August 20, 2017
How an Economic Study Works
One of the great pleasures of writing this column is explaining economic research results to readers who are experts at something other than economic research. After all, we are all experts at something, and if my wife is to be trusted on these matters, most subjects are more interesting than economics. This week I thought I’d try to explain how economists use theories and data to learn something about the world. My example will be the often timely gender wage gap.
Everyone knows the statistic that women earn roughly 72 cents for every dollar men earn. Is this evidence of gender discrimination at work? Theory and common sense pretty clearly suggest that education, job tenure, occupation and effort also influence how much we earn. Thus, there may be more to the story than discrimination. So, if we have data on hundreds of people, we could use fairly straightforward statistical models to determine which of these things mattered most.
This approach may also tell us what doesn’t matter. Because the scientific method really only disproves relationships, proof only occurs after repeated efforts to disprove something fails. Now, it turns out that some of these things are easy to measure, like gender, age, and education, while effort might be nearly impossible to count. That’s fine though, because the typical statistical techniques can account for the size of unmeasured effects. Even more useful is the model’s ability to account jointly for two variables that are related. For that, it is best to go right to an example.

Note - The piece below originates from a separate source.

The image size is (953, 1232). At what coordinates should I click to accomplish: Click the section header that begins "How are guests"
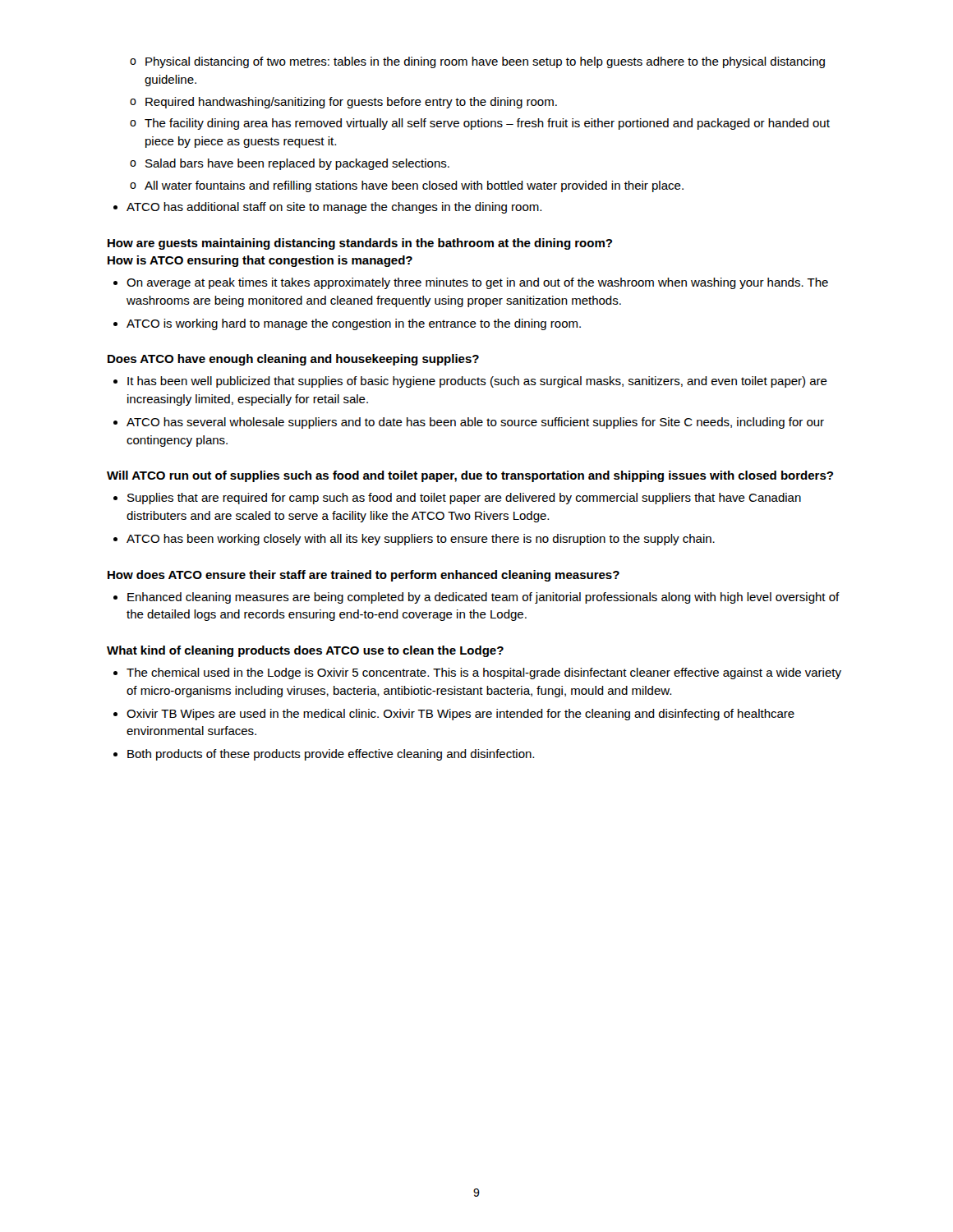click(x=476, y=251)
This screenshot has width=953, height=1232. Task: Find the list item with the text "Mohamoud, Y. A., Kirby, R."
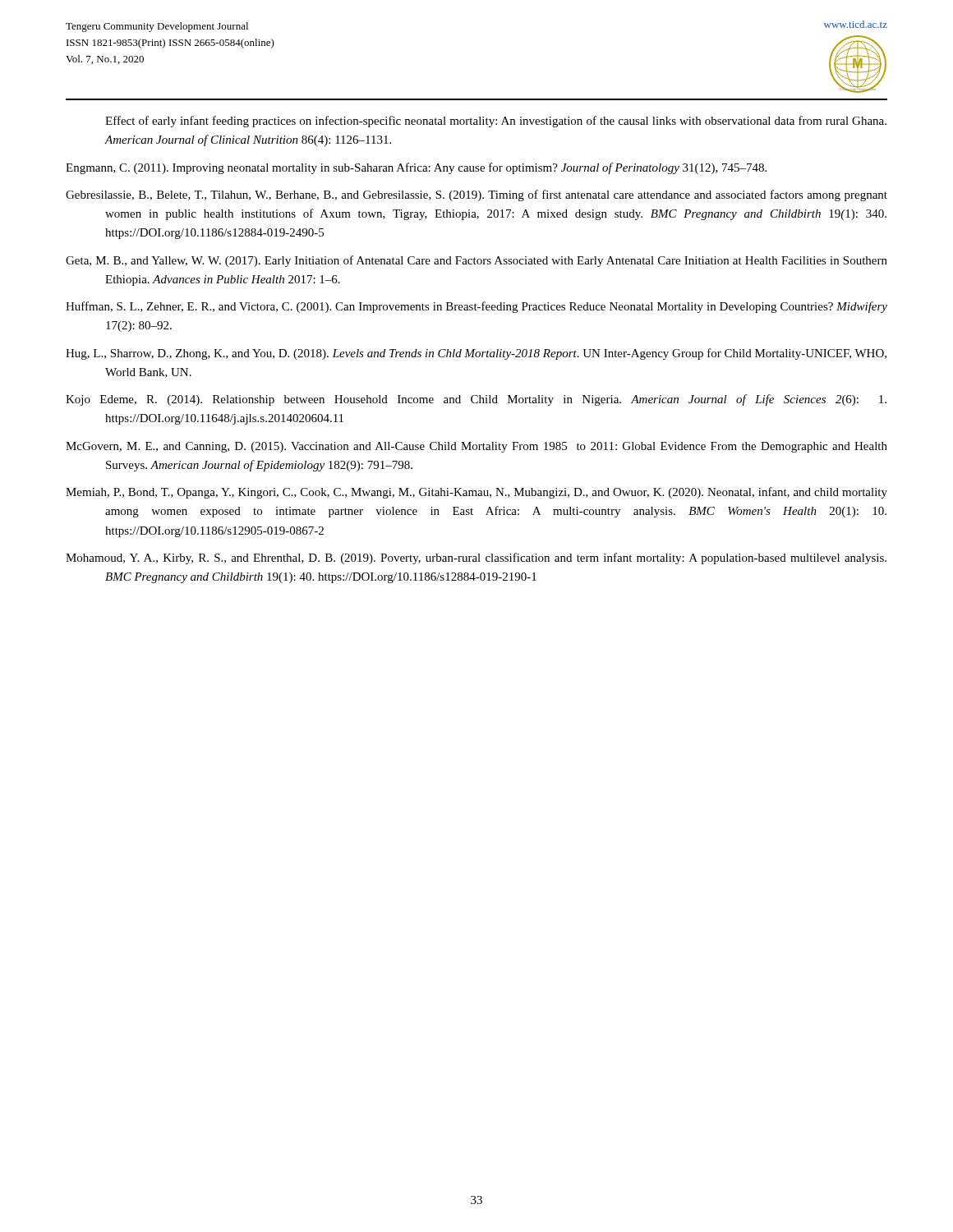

In a simple model, we might wish to test whether wages and gender were correlated, while separately testing whether wages and education were correlated. In these cases, we find that, on average, women make less than men and, separately, we find that better educated people earn more. Then combining gender and education, the effect of education grows, and the effect of gender shrinks. But, the overall model leaves less unexplained variation in wages. It is still a very incomplete picture of the issue.
As we add more data to our equation we learn more things. We confirm that occupation, choice of major, job tenure, hours worked all affect earnings. Also, each time we add these extra data about people, we find the size of the gender effect shrinks. In fact, there are quite a few studies that report little or no gender wage gap when accounting for education, tenure, occupation and hours worked. This is important to know, not simply because it helps unmask duplicitous politicians, but also because deeper research can help us identify and face the real problems instead of trying to remedy fictitious ones.
So, if a well-performed study reveals little or no gender wage gap, does this mean there’s no gender-based discrimination? Of course not. What it means is that when gender discrimination exists, it occurs in places other than labor markets. Thus, we would wish to look for it in schools, or in policies or cultural practices that influence occupational or educational choices. This would focus more research and analysis of these matters, and maybe tell us where and if a policy intervention is needed.
Besides the very obvious value of this sort of analysis to this particular question, the statistical modeling approach I just described has revolutionized public policy research in the past half century. The combination of broadly available data with tremendous computing power means that advanced statistical modeling is now just as necessary as an element of graduate training in sociology, anthropology and political science as it has been in economics for many decades.
Happily, these tools not only make better research in other social sciences, they also increase the value of carefully constructed studies that don’t rely on statistics. Good quantitative studies make qualitative studies more, rather than less important, and that may be its greatest contribution.